Что-то произошло, что было чрезмерно даже для такого сильного и гармоничного народа, как французы. Слишком много было жертв, слишком много было пролито крови, своей и чужой. И все громкие слова, которые сказаны были, не только для обмана, но и чистосердечно также, все обманули, все оказались мусором, нет больше правды; драгоценнейший дар, человеческое слово стало фальшивой стертою монетой. Никто нигде не сможет сейчас найти в себе такое слово, которое было бы благовестом.
Я прошел всю линию бульваров, томясь и скучая и не чувствуя себя связанным с кем либо, или с чем либо. Я сел в трамвай и доехал до высокого Монмартра. Я около базилики Сакре-Кёр. Высокий белый сон. Почти наш, почти Византийский. Могучий колокол, хоть несравнимый с московским царь-колоколом, но самый большой колокол Франции. Хорошо, что он на самой высокой точке Парижа.
Вот он весь отсюда виден, могучий несравненный город, со своим величием, которое дорого не одним французам, со своим прошлым, которое свидетельствует о неукротимости человеческого духа, со своим очарованием неуловимым, которое притягивает одинаково русского и норвежца, негра и китайца, сиамца и калмыка. И со своей нищетой, которую легче сносить в этом городе, чем в другом. И со своими огнями, вспыхнувшими там, и там, и там, далеко внизу, в безмерном человеческом муравейнике, где так же мало правды и справедливости в участях, как в любом людском муравейнике, но где отдельный смелый дух мыслит, горит, терзается, хочет и достигает.
Воробьеныш
Говорят, что все познается по сравнению. Неверно это говорят. Потому что, когда мы любим в первый раз, мы любим без сравнения, и нет у нас тогда для сравнения никакой еще основы. А первая любовь бывает всегда лучшая, и мы познаем ее, как лучшее, что может быть даровано и суждено человеку.
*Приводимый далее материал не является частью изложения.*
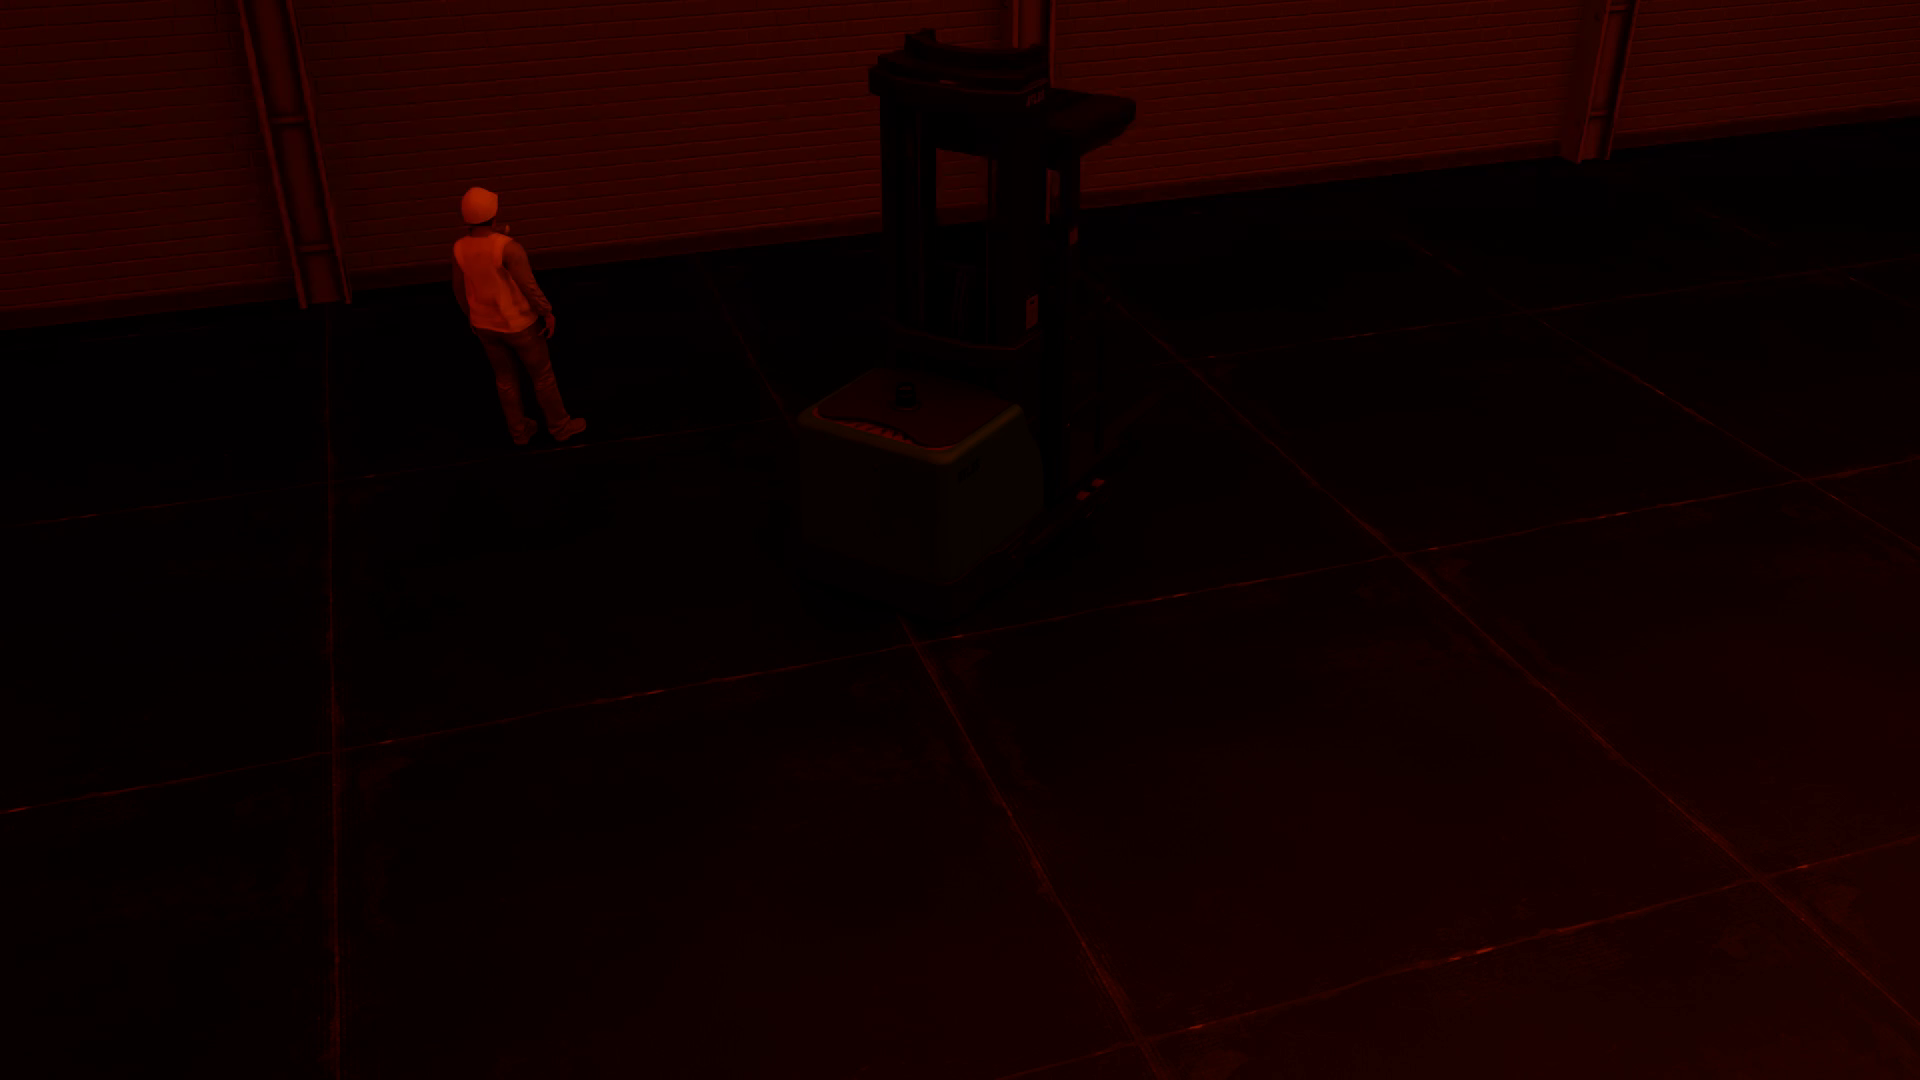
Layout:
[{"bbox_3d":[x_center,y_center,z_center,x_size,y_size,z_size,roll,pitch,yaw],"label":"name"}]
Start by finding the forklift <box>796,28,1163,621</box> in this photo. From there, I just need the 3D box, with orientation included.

А когда пройдет целая жизнь и много у нас в руках всяких сравнений, – больше, чем хотелось бы иметь и знать, – мы, пробегая духовным нашим оглядом всю многоликость нашего опыта, все безмерное разнообразие виденного, видим и знаем, что да, мы были правы тогда, в нашем детстве или в нашей юности, решив, что наша первая любовь – лучшее, что может случиться.
Первая любовь не непременно желанное лицо любимой, совсем не непременно девушка. Моя первая любовь – деревня, усадьба, где я родился и вырос. Моя первая любовь – насыщенное Солнцем, весеннее утро, и я сам, лет четырех, сидящий на родном балконе и любующийся душистыми большими кустами лиловой и белой сирени, вкруг которых вьются безмолвные бабочки, желтые, белые и красноватые, и реют и мелькают с непрерывным звоном пчелы, такие мохнатые и добрые, злые красивые осы с тонкими талиями, огромные полосатые шмели, которые совершенно торжественны, и пестрые мухи, непохожие на тех, что звенят о стекла окон в доме.
Первый час моего сознания, долгий час, в одно слиявший мое утро, мое детство, с Солнцем, с весной, с цветами, с деревьями, с золотисто-голубым воздухом, с мелькающими веселыми живыми существами, которым хорошо и которых никто не трогает, – вот моя первая любовь.
Она менялась, любовь, многократно и много-разно, в нее входило все больше ликов и все больше сложности, но она не изменялась, любовь, ибо любовь измениться не может по существу своему. Она меняет только свою степень и свои одежды. Любовь первая есть и последняя. Любовь одна.
Сидя у своего парижского окна, я смотрю на серые стены домов, только что омывшихся дождем, вспоминаю великолепный стих где-то потерявшегося в пространстве моего друга Максимилиана Волошина:
«В дождь Париж расцветает, как серая роза», – и, видя, что небо много выше крыш и что оно, как в детстве моем, такое же голубое и неувядаемо-красивое, я тихонько думаю, что, пожалуй, душа моя всю жизнь питалась и сейчас насыщается тем первым утром, той первой любовью, – выросшей из этого бессмертного утра способностью любить мир и живые существа и знать, как это в свой час узнал Магомет, что любоваться красотой – творить Дело Божие.